Мотылек протестующе захлопал крылышками и вскричал:

— Ни в коем случае — это же верная гибель!

— Ничего не понимаю… — обескураженно произнес Кашалот. — Вы ведь только что сказали, что сами через это прошли.

— Я не говорил, что вода в моем теле превратилась в лед, я сказал, что она стала твердой, а это не одно и то же.

— Не улавливаю разницы… — вставил Удильщик.

— Попробую объяснить. Сам я понял это еще в детстве. Услышал как-то разговор родителей — речь шла о честности. Отец возмущался, что у всех гусениц кроме трех пар настоящих ножек есть и несколько пар ложных. «Сначала ложные ножки, — ворчал он, — потом ложные шаги… а я хочу, чтобы каждый шаг моих детей был кристально честным!» А мама тихо так ответила: «Тогда они не переживут первую же зиму. Пусть уж будут просто честными. И прошу тебя: пожалуйста, никогда больше не произноси этого ужасного слова — «кристально». Я ее спросил: «Мама, а что в нем ужасного?» Оказалось, что при замораживании самое опасное — кристаллы льда: если вода в организме превратится в лед, его кристаллы разрывают клетки, и животное гибнет.

— Значит, вся хитрость в том, — резюмировал Удильщик, — чтобы вода стала твердой, но без кристаллов?

— Правильно — наподобие стекла: в стекле ведь тоже нет кристаллов, хотя оно и твердое. Кстати, про затвердевшую без кристаллов воду так и говорят: вода застекловалась.

— Но как заставить ее застекловаться?!

Этот вопрос, который коапповцы задали хором, был не просто вопросом, а, можно сказать, криком души — ведь от ответа на него зависело, удастся ли заморозить Кашалота без риска для его драгоценной жизни…

— Элементарно, — сказал Мотылек. — Надо добавить в воду глицерин. Очень популярное средство, его многие насекомые применяют — из тех, кому приходится переносить морозы: гусеницы, — и не только наши, — кое-кто из муравьев, личинки некоторых жуков, мух, ос… кстати, личинка одной осы — ее зовут Бракон Цефи — запасает к зиме столько глицерина, что он составляет четверть ее веса.



— Батюшки, — запричитала Сова, — сколько ж тогда нашему Кашалоту этого глицерину понадобится?

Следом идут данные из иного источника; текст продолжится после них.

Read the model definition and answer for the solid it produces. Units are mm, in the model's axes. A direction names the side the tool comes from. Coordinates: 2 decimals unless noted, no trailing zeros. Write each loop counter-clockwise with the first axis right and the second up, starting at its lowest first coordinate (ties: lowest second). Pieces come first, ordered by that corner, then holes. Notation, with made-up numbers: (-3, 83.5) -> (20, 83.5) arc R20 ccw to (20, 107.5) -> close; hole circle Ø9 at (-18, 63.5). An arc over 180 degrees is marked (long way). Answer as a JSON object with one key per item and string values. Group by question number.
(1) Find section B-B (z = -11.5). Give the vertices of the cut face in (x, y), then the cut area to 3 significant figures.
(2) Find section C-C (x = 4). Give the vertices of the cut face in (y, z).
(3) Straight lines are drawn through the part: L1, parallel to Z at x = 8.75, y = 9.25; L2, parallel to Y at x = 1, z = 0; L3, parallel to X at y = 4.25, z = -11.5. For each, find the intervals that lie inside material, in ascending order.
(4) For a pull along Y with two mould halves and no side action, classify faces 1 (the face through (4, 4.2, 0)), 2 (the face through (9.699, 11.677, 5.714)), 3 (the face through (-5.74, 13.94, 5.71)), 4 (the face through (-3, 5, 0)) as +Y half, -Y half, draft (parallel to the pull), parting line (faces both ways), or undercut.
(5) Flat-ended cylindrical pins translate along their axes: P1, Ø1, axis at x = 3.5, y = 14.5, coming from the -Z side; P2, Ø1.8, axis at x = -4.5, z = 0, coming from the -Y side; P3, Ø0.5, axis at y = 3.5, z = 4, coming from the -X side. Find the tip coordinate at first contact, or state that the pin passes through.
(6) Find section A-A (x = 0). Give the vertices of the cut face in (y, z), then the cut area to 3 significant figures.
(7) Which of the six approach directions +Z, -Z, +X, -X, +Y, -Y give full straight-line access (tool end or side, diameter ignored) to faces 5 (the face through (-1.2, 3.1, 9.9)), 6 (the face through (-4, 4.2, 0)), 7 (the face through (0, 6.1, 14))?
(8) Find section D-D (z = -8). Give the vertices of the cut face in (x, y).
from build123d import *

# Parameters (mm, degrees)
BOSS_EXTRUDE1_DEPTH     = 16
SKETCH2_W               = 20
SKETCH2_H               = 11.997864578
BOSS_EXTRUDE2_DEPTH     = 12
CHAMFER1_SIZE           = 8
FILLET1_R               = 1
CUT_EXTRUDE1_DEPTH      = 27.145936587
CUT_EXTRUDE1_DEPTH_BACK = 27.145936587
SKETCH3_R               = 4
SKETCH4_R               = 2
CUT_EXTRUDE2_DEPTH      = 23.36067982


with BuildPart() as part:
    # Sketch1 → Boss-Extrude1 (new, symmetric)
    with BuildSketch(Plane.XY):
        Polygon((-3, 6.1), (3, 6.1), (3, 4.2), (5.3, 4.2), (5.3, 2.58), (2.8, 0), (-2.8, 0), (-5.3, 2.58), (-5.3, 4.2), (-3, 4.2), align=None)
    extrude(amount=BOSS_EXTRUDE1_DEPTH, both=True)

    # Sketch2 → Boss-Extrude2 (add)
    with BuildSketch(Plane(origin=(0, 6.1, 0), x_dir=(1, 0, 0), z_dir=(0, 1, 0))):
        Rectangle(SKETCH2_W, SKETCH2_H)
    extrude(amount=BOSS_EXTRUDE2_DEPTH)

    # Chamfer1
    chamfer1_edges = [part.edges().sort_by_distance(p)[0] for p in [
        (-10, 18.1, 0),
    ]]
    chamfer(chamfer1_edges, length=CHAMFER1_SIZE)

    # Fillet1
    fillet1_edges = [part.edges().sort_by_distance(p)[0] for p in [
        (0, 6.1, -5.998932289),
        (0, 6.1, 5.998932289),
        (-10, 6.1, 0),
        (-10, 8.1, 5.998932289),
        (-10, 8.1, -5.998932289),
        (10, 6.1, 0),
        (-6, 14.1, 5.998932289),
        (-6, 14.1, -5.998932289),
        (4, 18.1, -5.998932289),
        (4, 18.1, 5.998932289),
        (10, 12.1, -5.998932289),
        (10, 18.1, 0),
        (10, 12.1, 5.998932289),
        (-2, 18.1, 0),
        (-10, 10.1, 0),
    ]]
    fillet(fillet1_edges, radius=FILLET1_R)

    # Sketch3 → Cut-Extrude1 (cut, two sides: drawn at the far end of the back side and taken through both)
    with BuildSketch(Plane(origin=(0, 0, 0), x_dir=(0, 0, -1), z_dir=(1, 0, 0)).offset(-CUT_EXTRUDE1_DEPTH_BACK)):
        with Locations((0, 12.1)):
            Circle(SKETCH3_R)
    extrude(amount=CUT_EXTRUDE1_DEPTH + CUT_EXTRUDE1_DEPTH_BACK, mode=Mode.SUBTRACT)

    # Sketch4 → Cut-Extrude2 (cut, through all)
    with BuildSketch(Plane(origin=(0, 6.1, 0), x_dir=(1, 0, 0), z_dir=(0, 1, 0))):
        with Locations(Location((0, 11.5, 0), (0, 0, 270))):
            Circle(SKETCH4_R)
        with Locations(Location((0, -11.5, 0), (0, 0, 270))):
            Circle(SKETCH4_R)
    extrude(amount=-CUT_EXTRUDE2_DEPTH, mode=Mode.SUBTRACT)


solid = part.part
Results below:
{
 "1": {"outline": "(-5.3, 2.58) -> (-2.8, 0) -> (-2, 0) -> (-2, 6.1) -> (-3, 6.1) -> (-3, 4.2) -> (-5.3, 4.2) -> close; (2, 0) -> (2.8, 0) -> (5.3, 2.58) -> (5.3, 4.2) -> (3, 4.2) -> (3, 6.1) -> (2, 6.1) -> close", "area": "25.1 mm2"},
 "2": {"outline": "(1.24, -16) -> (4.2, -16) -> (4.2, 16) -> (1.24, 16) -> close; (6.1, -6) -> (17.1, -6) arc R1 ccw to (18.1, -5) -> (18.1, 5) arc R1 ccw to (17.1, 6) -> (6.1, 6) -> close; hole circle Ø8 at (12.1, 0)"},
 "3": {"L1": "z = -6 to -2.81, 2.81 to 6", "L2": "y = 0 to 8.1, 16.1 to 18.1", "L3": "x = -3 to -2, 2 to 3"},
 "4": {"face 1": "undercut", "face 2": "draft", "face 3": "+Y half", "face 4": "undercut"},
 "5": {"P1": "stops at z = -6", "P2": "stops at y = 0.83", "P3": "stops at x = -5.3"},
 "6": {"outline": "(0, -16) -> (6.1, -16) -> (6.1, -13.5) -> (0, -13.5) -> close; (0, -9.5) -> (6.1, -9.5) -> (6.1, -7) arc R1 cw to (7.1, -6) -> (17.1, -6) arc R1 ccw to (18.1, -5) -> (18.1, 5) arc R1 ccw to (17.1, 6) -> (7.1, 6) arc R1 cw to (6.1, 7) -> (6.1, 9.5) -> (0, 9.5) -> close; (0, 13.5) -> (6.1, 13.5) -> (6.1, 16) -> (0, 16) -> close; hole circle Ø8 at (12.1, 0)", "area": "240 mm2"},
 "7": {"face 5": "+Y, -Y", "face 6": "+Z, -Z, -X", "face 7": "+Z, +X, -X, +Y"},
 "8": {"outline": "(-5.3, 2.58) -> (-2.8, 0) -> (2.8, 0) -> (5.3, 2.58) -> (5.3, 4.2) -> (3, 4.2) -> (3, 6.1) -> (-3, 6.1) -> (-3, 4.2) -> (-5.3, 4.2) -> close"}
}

Гепард быстро подсчитал в уме и сообщил результат:

— Тонн двадцать, дорогая Сова.



— Но мой организм его не вырабатывает, — пожаловался Кашалот, — во всяком случае, в таком количестве…

— Одолжите у людей, — посоветовал Мотылек. — У нас прошел слух, что они иногда используют глицерин в качестве антифриза.

Стрекоза высказала было опасение, сумеют ли коапповцы вернуть такой огромный долг, но Мотылек успокоил:

— Об этом пусть у вас голова не болит: я поговорю со своими детьми — вместо того, чтобы разорять поля, пусть займутся настоящим делом! — и он удалился со словами: — Сейчас же лечу к ним!

— Спасибо! — закричали все ему вслед.

Мартышка тут же заявила, что достать глицерин она попросит Человека. На ворчливое замечание Рака, что его, как назло нет, Удильщик заверил, что Человек непременно будет: он обещал привести на сегодняшнее заседание какого-то интересного гостя.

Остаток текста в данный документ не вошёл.